The ACA defines a full-time employee as one who provides an average of 30 hours of service per week in any month, which includes paid leaves (i.e., vacation, sick days, PTO, jury leave, etc.). This definition runs contrary to many employers current practices, which have had no such limitations. Traditionally, full-time employment is most often defined as working an average of 32 hours a week and it is not uncommon for some employers to have the weekly average be as high as 38 hours or even 40 hours. The result of this change is causing some consternation as most employers use “benefit eligibility” for all of their health and welfare plans, such as dental insurance, life insurance, Flexible Spending Accounts (FSAs), vacation/PTO etc.
Additionally, many insurance contracts stipulate who is considered eligible to participate based upon their full time status, which is typically defined in weekly hours of service. Assuming an employer does not want to administer various plans with inconsistent eligibility requirements, employers and their insurance brokers will need to review and request contract changes from carriers offering other ancillary insurance products to the employer’s workforce where these terms are not aligned.
Not every employer of every industry has a strict 9:00 AM – 5:00 PM workweek for every employee. Inasmuch as full-time status is determined on a monthly calculation under the Act, there is a great deal of anxiety among employers as to those administrative issues associated with tracking employees hours, specifically those whose work hours fluctuate due to a wide variety of and often unforeseeable circumstances. In situations in which an employee is hired for or promoted to a position the employer classifies as or reasonably expects to be full time, the employee must be eligible for the employer’s health plan after the employer’s applicable waiting period. The administration has released proposed safe harbor guidance for measuring full-time employee status for variable-hour employees whose status is not known due to fluctuating hours or uncertain duration of employment. We’ll dive into the measurement period and safe harbor periods in future posts.

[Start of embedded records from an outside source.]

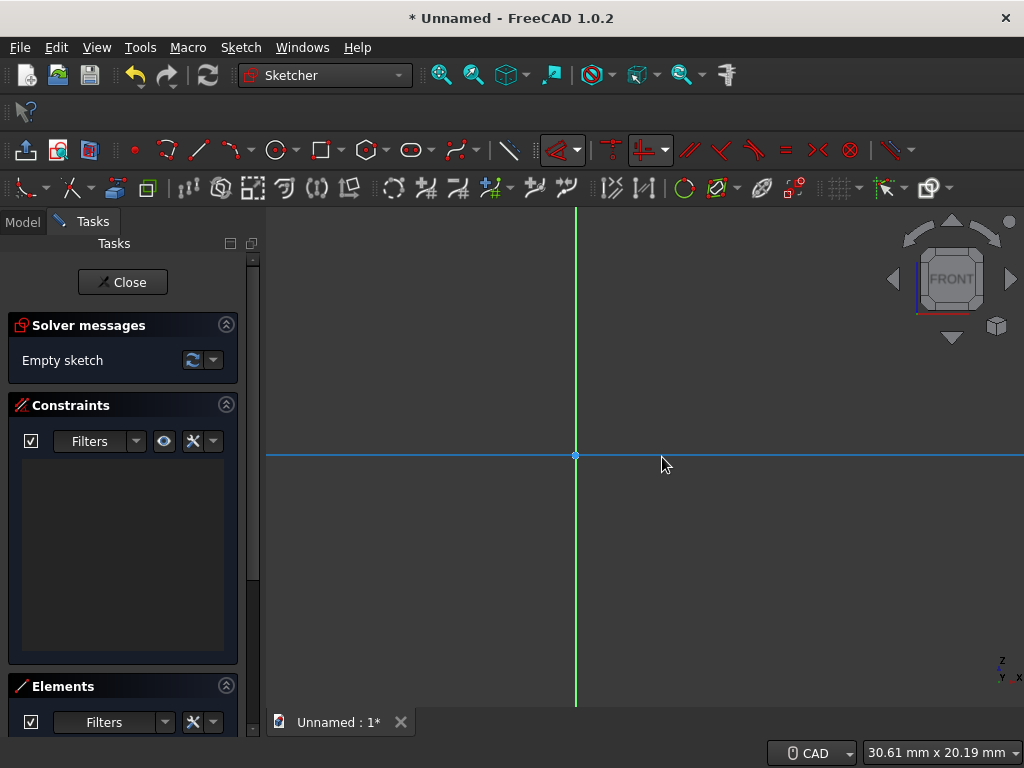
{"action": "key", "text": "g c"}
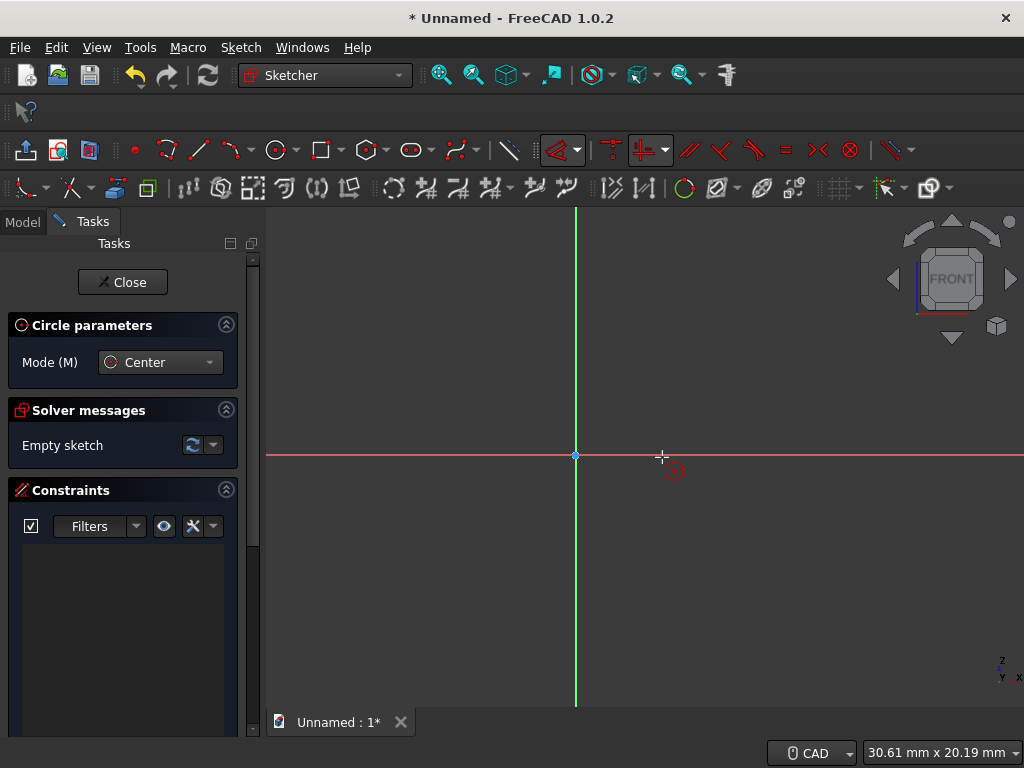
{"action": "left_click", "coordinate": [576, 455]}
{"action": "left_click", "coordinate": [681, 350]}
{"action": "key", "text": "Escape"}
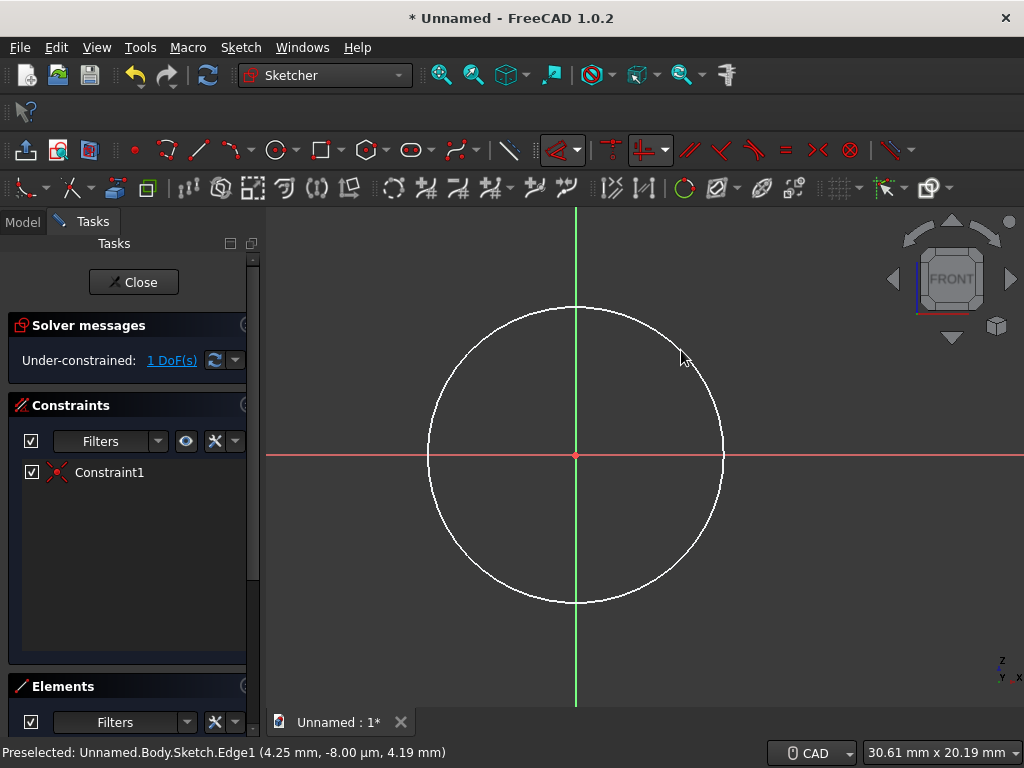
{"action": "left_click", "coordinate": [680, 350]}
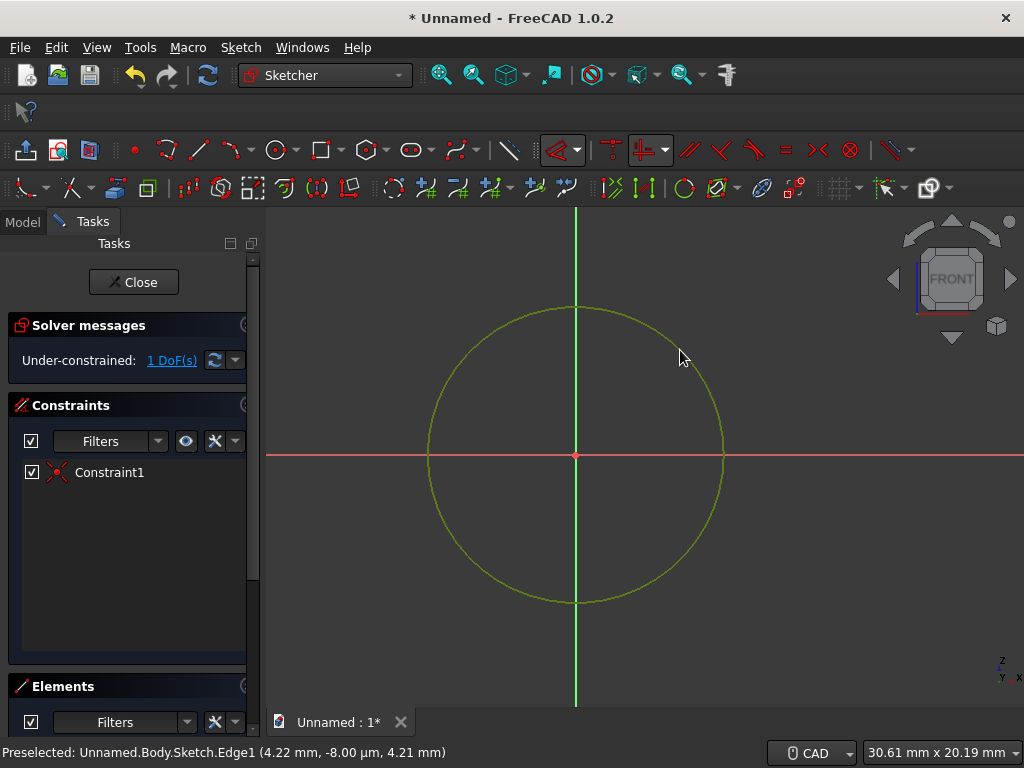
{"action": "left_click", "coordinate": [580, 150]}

Employers can use an initial measurement period to determine the status of newly hired variable hour or seasonal employees. The associated stability period for newly hired variable hour or seasonal employees must be the same length as the stability period for ongoing employees. Check out the handy flowchart we've created on this subject:
As we move along in our conversation about the Affordable Care Act, we hope that Merit Resources can be a resource to you and your business. Please don’t hesitate to contact us using the link below and we’ll be happy to help you out.
In the meantime, if you’d like to check up on the things that your business needs to take care of under the Act, just download our free checklist and timeline, plus some bonus infographics and flow charts which illustrate a few key areas of the Act. Click the link below:
Hope you enjoyed the cocoa.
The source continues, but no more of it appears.